**What you have to do:** Each record below is to be copied exactly; the pictures are to be omitted.

Records from a collection:
● ● ● ● ●

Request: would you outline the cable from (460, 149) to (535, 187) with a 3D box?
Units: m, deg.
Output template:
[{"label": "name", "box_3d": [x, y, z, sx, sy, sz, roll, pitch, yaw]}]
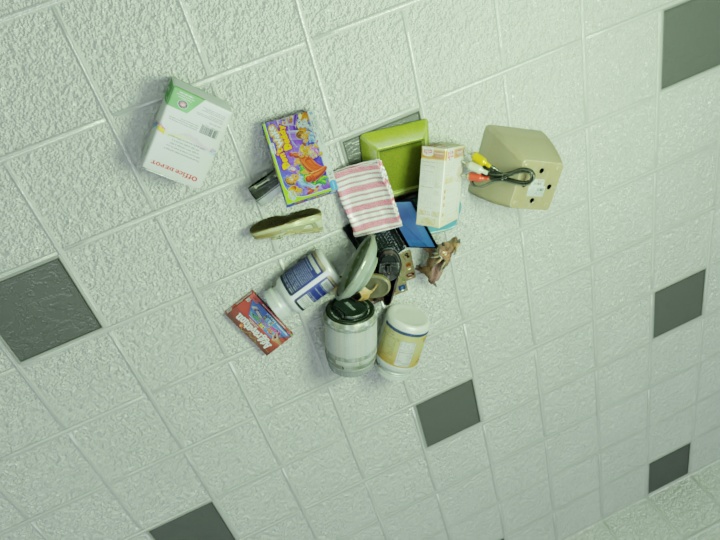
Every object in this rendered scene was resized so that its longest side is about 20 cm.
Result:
[{"label": "cable", "box_3d": [0.357, -0.246, 1.674, 0.050, 0.197, 0.099, -28, 135, -51]}]

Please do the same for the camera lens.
[{"label": "camera lens", "box_3d": [-0.029, 0.188, 1.861, 0.156, 0.161, 0.204, -10, 123, -15]}]

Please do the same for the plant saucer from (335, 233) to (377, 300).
[{"label": "plant saucer", "box_3d": [0.000, 0.000, 1.717, 0.050, 0.201, 0.202, 30, 107, -10]}]

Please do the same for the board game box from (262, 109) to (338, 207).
[{"label": "board game box", "box_3d": [-0.147, -0.272, 1.546, 0.132, 0.045, 0.205, -18, 88, -10]}]

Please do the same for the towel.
[{"label": "towel", "box_3d": [0.017, -0.187, 1.687, 0.143, 0.030, 0.203, -12, 117, 19]}]

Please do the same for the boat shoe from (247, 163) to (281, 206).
[{"label": "boat shoe", "box_3d": [-0.193, -0.247, 1.592, 0.199, 0.071, 0.064, -41, 109, -6]}]

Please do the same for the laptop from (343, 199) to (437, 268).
[{"label": "laptop", "box_3d": [0.084, -0.092, 1.771, 0.198, 0.104, 0.179, -34, 123, 0]}]

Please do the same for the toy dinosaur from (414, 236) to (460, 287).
[{"label": "toy dinosaur", "box_3d": [0.221, -0.018, 1.852, 0.084, 0.136, 0.204, -5, 122, -18]}]

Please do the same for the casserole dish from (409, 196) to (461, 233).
[{"label": "casserole dish", "box_3d": [0.207, -0.157, 1.826, 0.195, 0.039, 0.124, -11, 122, -14]}]

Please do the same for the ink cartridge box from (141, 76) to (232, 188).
[{"label": "ink cartridge box", "box_3d": [-0.402, -0.314, 1.462, 0.142, 0.084, 0.203, 19, 111, -29]}]

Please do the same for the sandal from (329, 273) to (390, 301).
[{"label": "sandal", "box_3d": [-0.010, 0.055, 1.808, 0.195, 0.055, 0.082, 0, 127, 12]}]

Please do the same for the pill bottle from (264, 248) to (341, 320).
[{"label": "pill bottle", "box_3d": [-0.161, 0.042, 1.750, 0.198, 0.116, 0.116, -35, 126, 2]}]

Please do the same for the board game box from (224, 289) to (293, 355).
[{"label": "board game box", "box_3d": [-0.289, 0.153, 1.825, 0.102, 0.020, 0.201, -36, 126, 3]}]

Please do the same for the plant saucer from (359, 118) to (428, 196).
[{"label": "plant saucer", "box_3d": [0.105, -0.283, 1.704, 0.195, 0.048, 0.204, -15, 124, -12]}]

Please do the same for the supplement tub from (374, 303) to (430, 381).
[{"label": "supplement tub", "box_3d": [0.123, 0.221, 1.951, 0.141, 0.145, 0.204, 4, 118, -23]}]

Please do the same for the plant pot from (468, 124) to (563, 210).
[{"label": "plant pot", "box_3d": [0.446, -0.271, 1.768, 0.195, 0.178, 0.204, 1, 118, -22]}]

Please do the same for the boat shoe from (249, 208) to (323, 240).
[{"label": "boat shoe", "box_3d": [-0.193, -0.109, 1.676, 0.197, 0.073, 0.064, -18, 120, -20]}]

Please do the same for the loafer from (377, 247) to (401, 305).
[{"label": "loafer", "box_3d": [0.083, 0.021, 1.823, 0.070, 0.064, 0.202, 0, 140, -1]}]

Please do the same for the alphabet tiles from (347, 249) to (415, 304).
[{"label": "alphabet tiles", "box_3d": [0.068, 0.015, 1.891, 0.196, 0.008, 0.170, -22, 124, -9]}]

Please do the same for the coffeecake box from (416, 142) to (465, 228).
[{"label": "coffeecake box", "box_3d": [0.214, -0.230, 1.689, 0.153, 0.072, 0.205, -26, 123, -59]}]

● ● ● ● ●

**Exercise result:**
Request: would you outline the cable from (460, 149) to (535, 187) with a 3D box?
Units: m, deg.
Output template:
[{"label": "name", "box_3d": [x, y, z, sx, sy, sz, roll, pitch, yaw]}]
Every object in this rendered scene was resized so that its longest side is about 20 cm.
Result:
[{"label": "cable", "box_3d": [0.357, -0.246, 1.674, 0.050, 0.197, 0.099, -28, 135, -51]}]

Please do the same for the camera lens.
[{"label": "camera lens", "box_3d": [-0.029, 0.188, 1.861, 0.156, 0.161, 0.204, -10, 123, -15]}]

Please do the same for the plant saucer from (335, 233) to (377, 300).
[{"label": "plant saucer", "box_3d": [0.000, 0.000, 1.717, 0.050, 0.201, 0.202, 30, 107, -10]}]

Please do the same for the board game box from (262, 109) to (338, 207).
[{"label": "board game box", "box_3d": [-0.147, -0.272, 1.546, 0.132, 0.045, 0.205, -18, 88, -10]}]

Please do the same for the towel.
[{"label": "towel", "box_3d": [0.017, -0.187, 1.687, 0.143, 0.030, 0.203, -12, 117, 19]}]

Please do the same for the boat shoe from (247, 163) to (281, 206).
[{"label": "boat shoe", "box_3d": [-0.193, -0.247, 1.592, 0.199, 0.071, 0.064, -41, 109, -6]}]

Please do the same for the laptop from (343, 199) to (437, 268).
[{"label": "laptop", "box_3d": [0.084, -0.092, 1.771, 0.198, 0.104, 0.179, -34, 123, 0]}]

Please do the same for the toy dinosaur from (414, 236) to (460, 287).
[{"label": "toy dinosaur", "box_3d": [0.221, -0.018, 1.852, 0.084, 0.136, 0.204, -5, 122, -18]}]

Please do the same for the casserole dish from (409, 196) to (461, 233).
[{"label": "casserole dish", "box_3d": [0.207, -0.157, 1.826, 0.195, 0.039, 0.124, -11, 122, -14]}]

Please do the same for the ink cartridge box from (141, 76) to (232, 188).
[{"label": "ink cartridge box", "box_3d": [-0.402, -0.314, 1.462, 0.142, 0.084, 0.203, 19, 111, -29]}]

Please do the same for the sandal from (329, 273) to (390, 301).
[{"label": "sandal", "box_3d": [-0.010, 0.055, 1.808, 0.195, 0.055, 0.082, 0, 127, 12]}]

Please do the same for the pill bottle from (264, 248) to (341, 320).
[{"label": "pill bottle", "box_3d": [-0.161, 0.042, 1.750, 0.198, 0.116, 0.116, -35, 126, 2]}]

Please do the same for the board game box from (224, 289) to (293, 355).
[{"label": "board game box", "box_3d": [-0.289, 0.153, 1.825, 0.102, 0.020, 0.201, -36, 126, 3]}]

Please do the same for the plant saucer from (359, 118) to (428, 196).
[{"label": "plant saucer", "box_3d": [0.105, -0.283, 1.704, 0.195, 0.048, 0.204, -15, 124, -12]}]

Please do the same for the supplement tub from (374, 303) to (430, 381).
[{"label": "supplement tub", "box_3d": [0.123, 0.221, 1.951, 0.141, 0.145, 0.204, 4, 118, -23]}]

Please do the same for the plant pot from (468, 124) to (563, 210).
[{"label": "plant pot", "box_3d": [0.446, -0.271, 1.768, 0.195, 0.178, 0.204, 1, 118, -22]}]

Please do the same for the boat shoe from (249, 208) to (323, 240).
[{"label": "boat shoe", "box_3d": [-0.193, -0.109, 1.676, 0.197, 0.073, 0.064, -18, 120, -20]}]

Please do the same for the loafer from (377, 247) to (401, 305).
[{"label": "loafer", "box_3d": [0.083, 0.021, 1.823, 0.070, 0.064, 0.202, 0, 140, -1]}]

Please do the same for the alphabet tiles from (347, 249) to (415, 304).
[{"label": "alphabet tiles", "box_3d": [0.068, 0.015, 1.891, 0.196, 0.008, 0.170, -22, 124, -9]}]

Please do the same for the coffeecake box from (416, 142) to (465, 228).
[{"label": "coffeecake box", "box_3d": [0.214, -0.230, 1.689, 0.153, 0.072, 0.205, -26, 123, -59]}]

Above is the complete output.